_TASK DIRECTIONS_
Look through the entries below. Report each line that has the word "object" in it.

Collected data:
◆ ◆ ◆ ◆ ◆

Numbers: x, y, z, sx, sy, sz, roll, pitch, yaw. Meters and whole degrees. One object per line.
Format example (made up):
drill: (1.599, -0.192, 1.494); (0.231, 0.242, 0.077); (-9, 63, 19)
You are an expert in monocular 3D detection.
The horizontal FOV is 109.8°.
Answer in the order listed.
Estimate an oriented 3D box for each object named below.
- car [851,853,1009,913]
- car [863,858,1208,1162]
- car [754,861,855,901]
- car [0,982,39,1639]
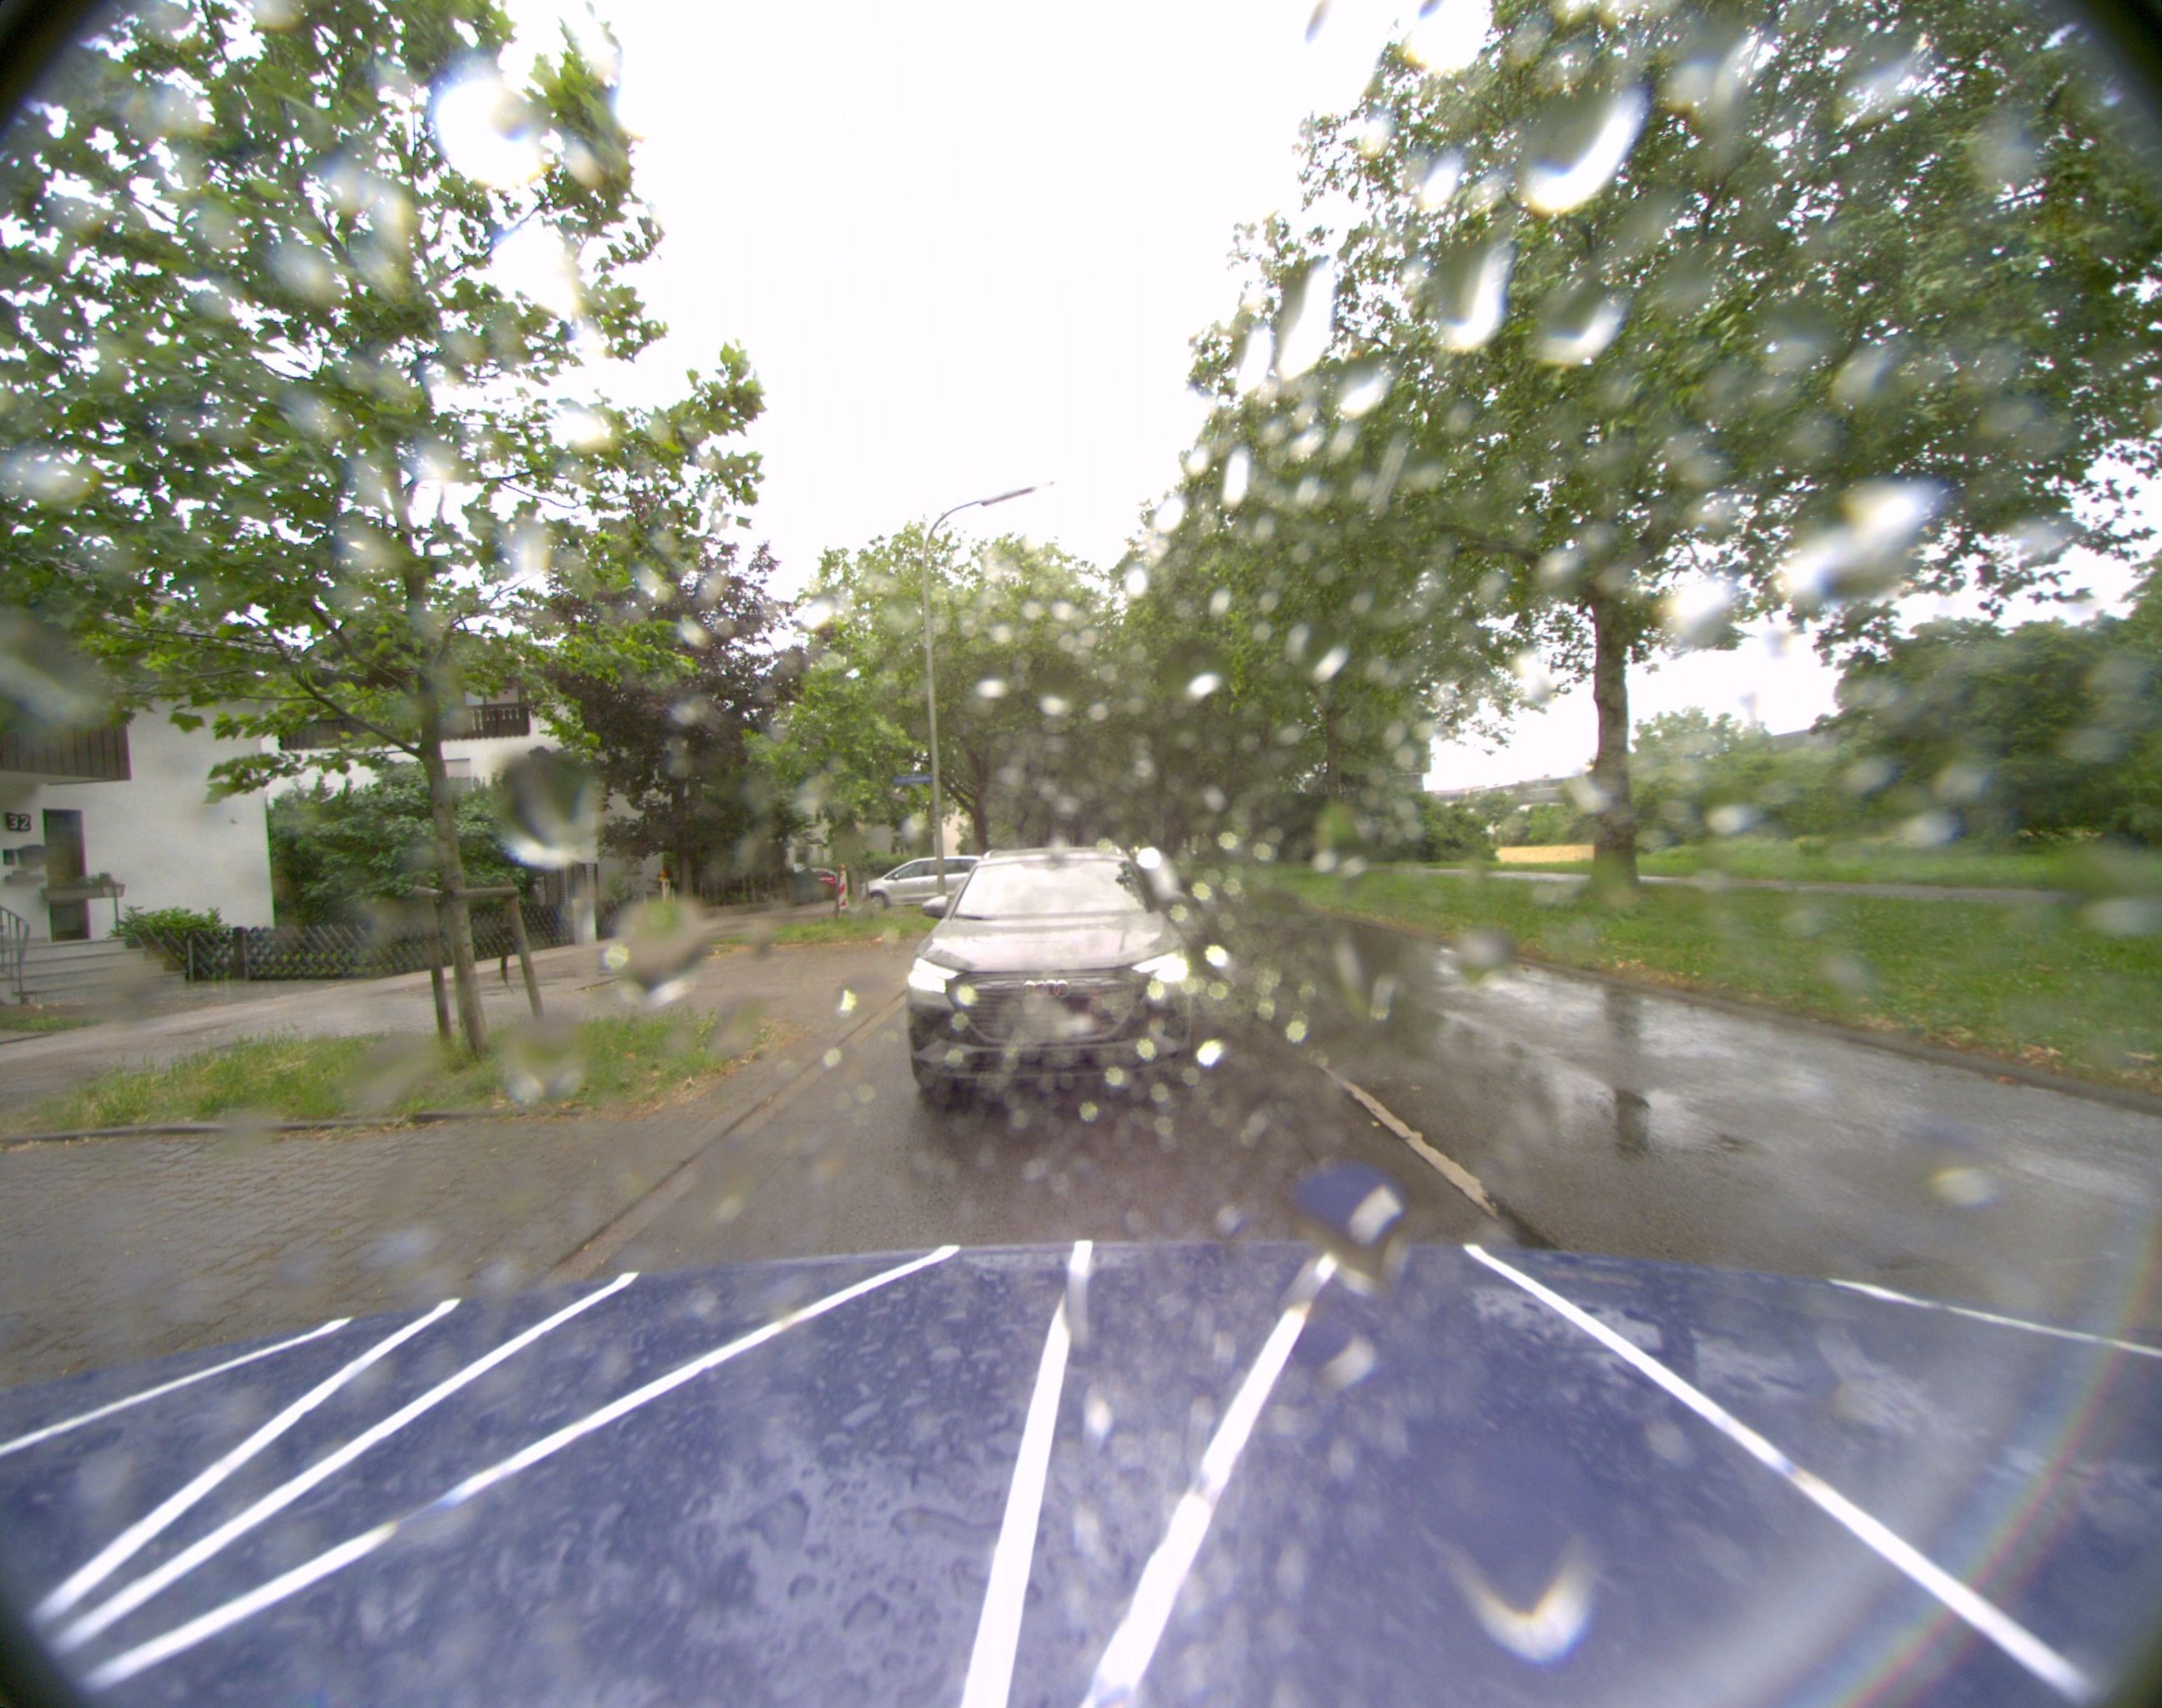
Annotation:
car: (-4.795, 0.901, 24.752); (4.701, 1.651, 1.976); (-3, 0, -1)
car: (-0.221, 0.888, 6.467); (1.862, 1.608, 4.423); (-3, 0, 1)
car: (-12.648, 1.235, 34.902); (3.853, 1.603, 1.843); (-3, 0, 2)
car: (-4.778, 1.120, 0.636); (4.779, 1.464, 1.937); (-2, 0, -4)

◆ ◆ ◆ ◆ ◆

_YOUR RESPONSE_
Numbers: x, y, z, sx, sy, sz, roll, pitch, yaw. Meters and whole degrees. One object per line.
Estimate an oriented 3D box for each object named below.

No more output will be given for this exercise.